On 27 October 2010, Athena was reported to be on fire in the Atlantic Ocean 200 nmi south west of the Isles of Scilly. The Maritime and Coastguard Agency at Falmouth were alerted to the ship's distress at 06:00 British Summer Time (05:00 UTC). The container ship went to her assistance. A Dassault Falcon 50 from France was despatched to co-ordinate communications between the ships and coastguard. A Sea King helicopter of 771 Naval Air Squadron, based at RNAS Culdrose, was scrambled to the Isles of Scilly, where it was refuelled and held ready for use should it be required. The aircraft would have been able to spend only 20 minutes on scene at a time, as Athena was at the limit of its range. Ninety-eight of the 111 crew left Athena in lifeboats, leaving 13 to fight the fire. With the fire reported to be "under control", Athena made for Falmouth at 8 kn and was expected to arrive on the evening of 28 October. Once she arrived, specialist firefighters were transported to the ship to assess the fire, which was thought to be still burning at the time. Vega, with the 98 crew rescued from Athena, was originally bound for Jamaica.
She later diverted to Falmouth to disembark the rescuees.

On 28 October, twelve firemen from Cornwall Fire and Rescue Service were airlifted to Athena by helicopter. At 17:00, the officer in charge of the firefighting operation ordered the ship evacuated because of a release of carbon dioxide. Athena was taken in tow by the tug Anglian Princess at 19:00, but was ordered to remain 4.3 nmi off Falmouth. On 30 October, salvors boarded Athena to assess the damage done to her by the fire. On 2 November, Athena was still being held off Famouth. Salvors from Smit International were reported as fighting the fire, which was still burning, and assessing whether or not it was safe to bring Athena into port. The tug Anglian Earl was giving assistance.

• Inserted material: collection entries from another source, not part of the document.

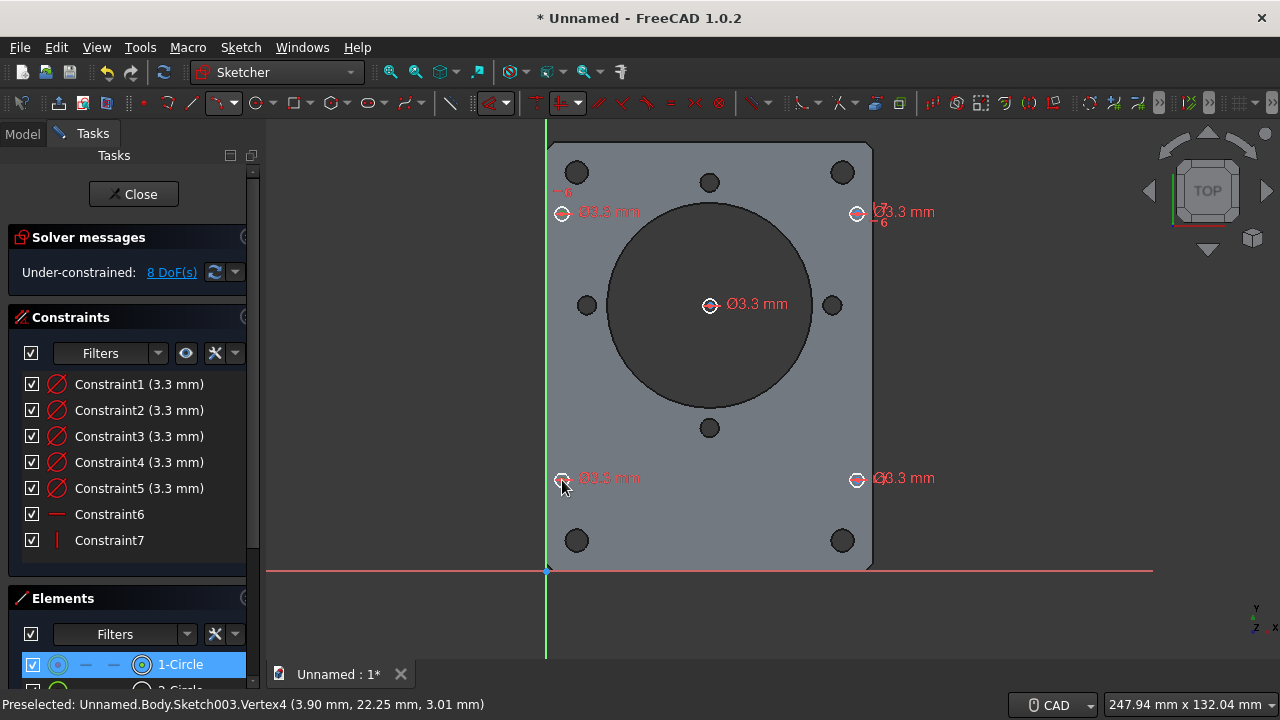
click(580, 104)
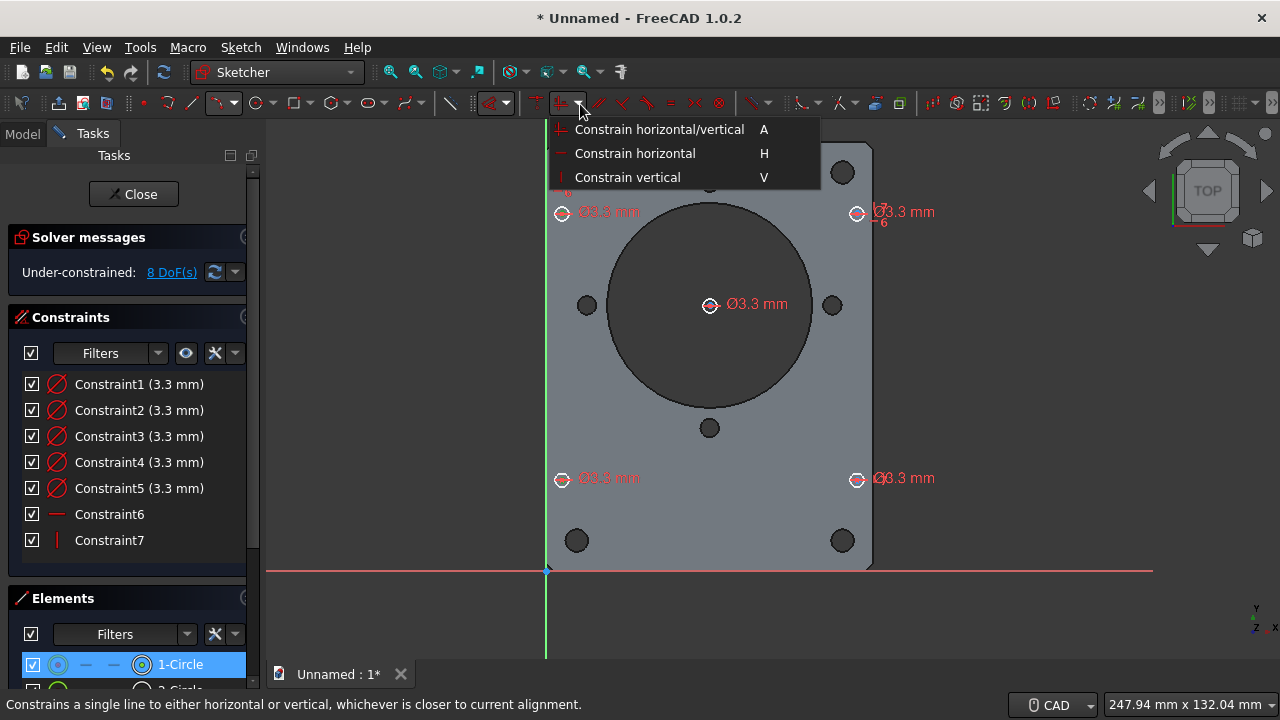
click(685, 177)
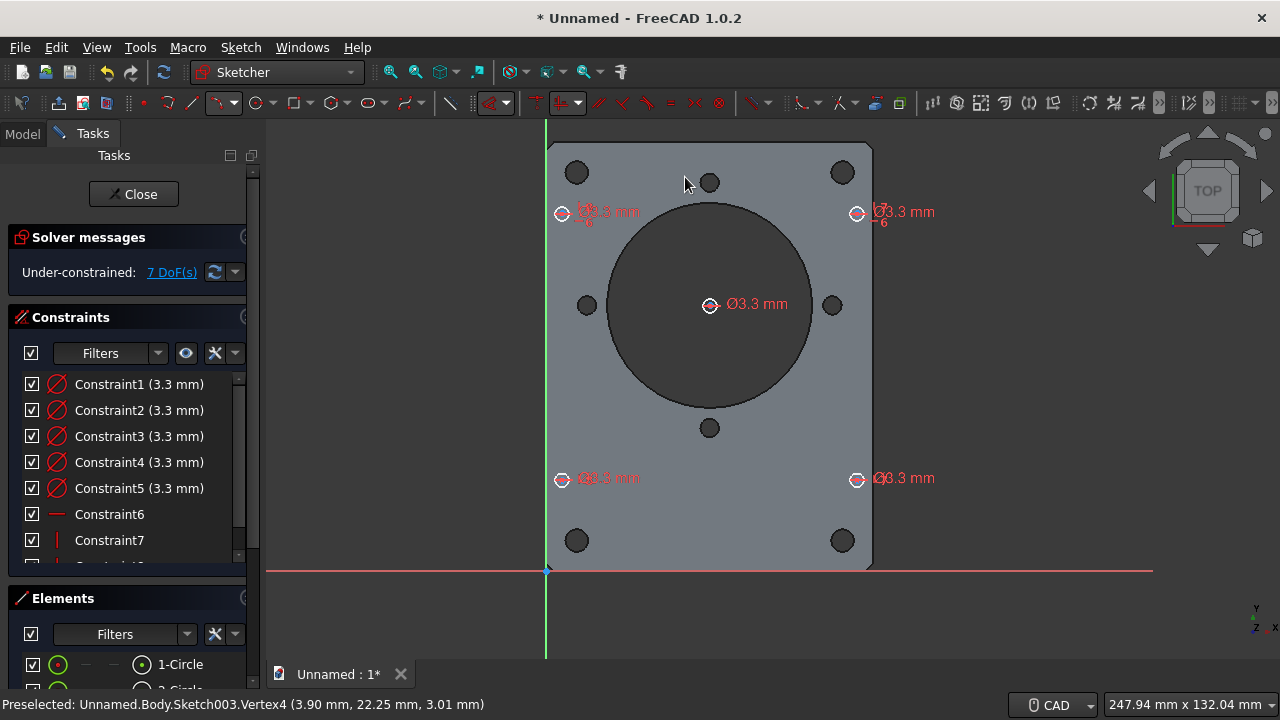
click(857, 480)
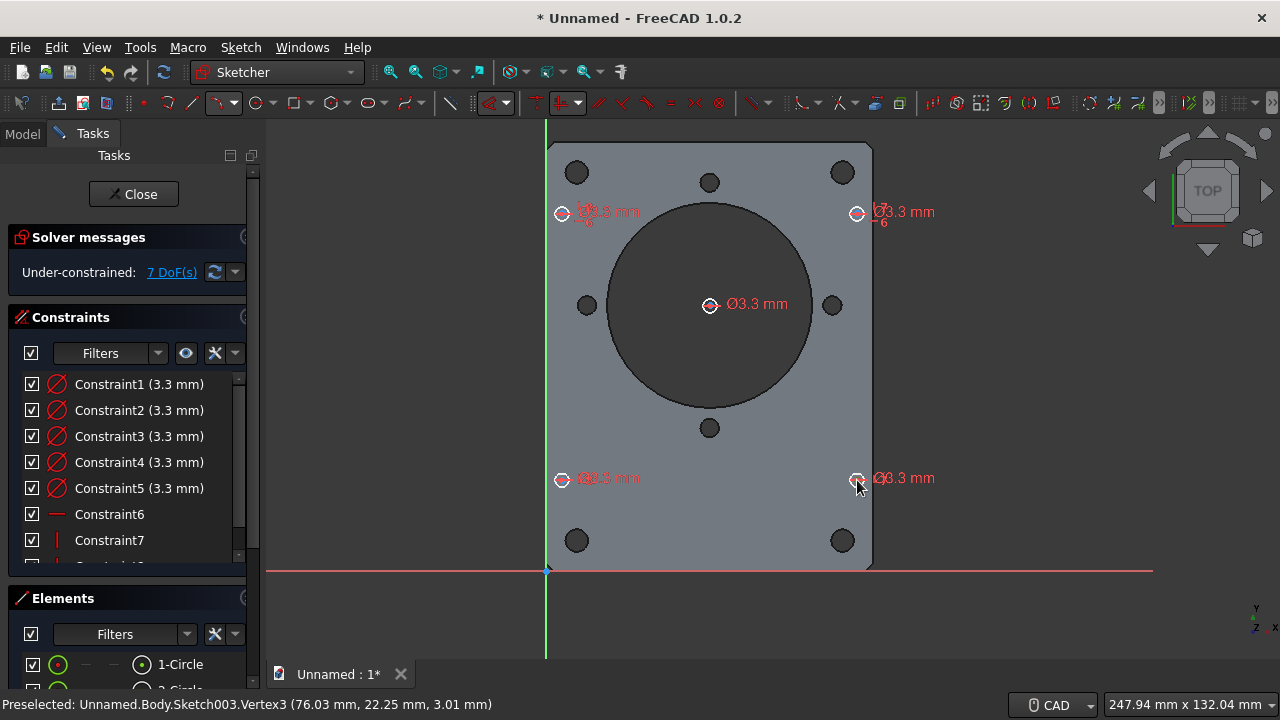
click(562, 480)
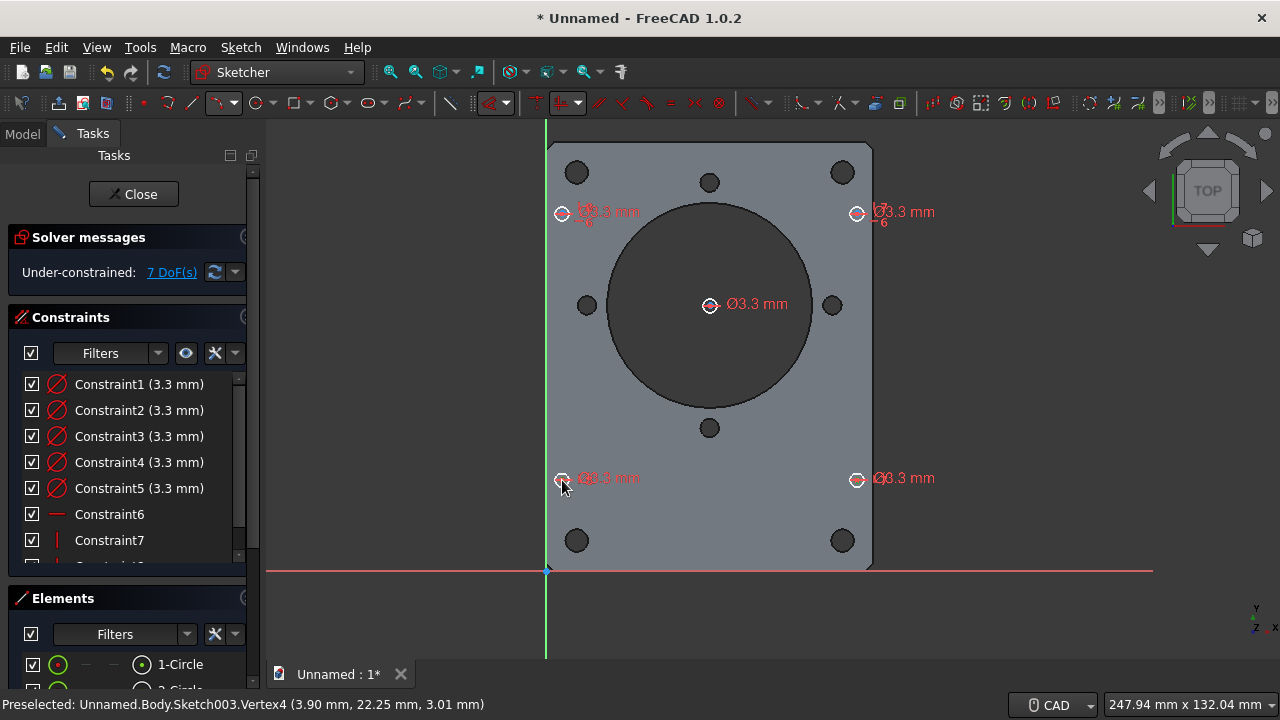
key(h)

On 9 May 2011, Athena was lying at the harbour of Saltangará in Runavík municipality in the Faroe Islands. Shortly after midnight, a fire on board Athena was reported to the Faroese authorities. There was a lot of smoke and the wind direction was towards the villages on the other side of the Skálafjørður fjord. The people who lived in the villages of Skála and Glyvrar were evacuated at around four in the morning to a community house in Strendur, a neighbouring village. Four men were working on board when the accident happened. The police later reported that the fire was probably caused by the materials which the men were using during their work. Some months later the ship was sold to Esbjerg in Denmark, where she will be broken up.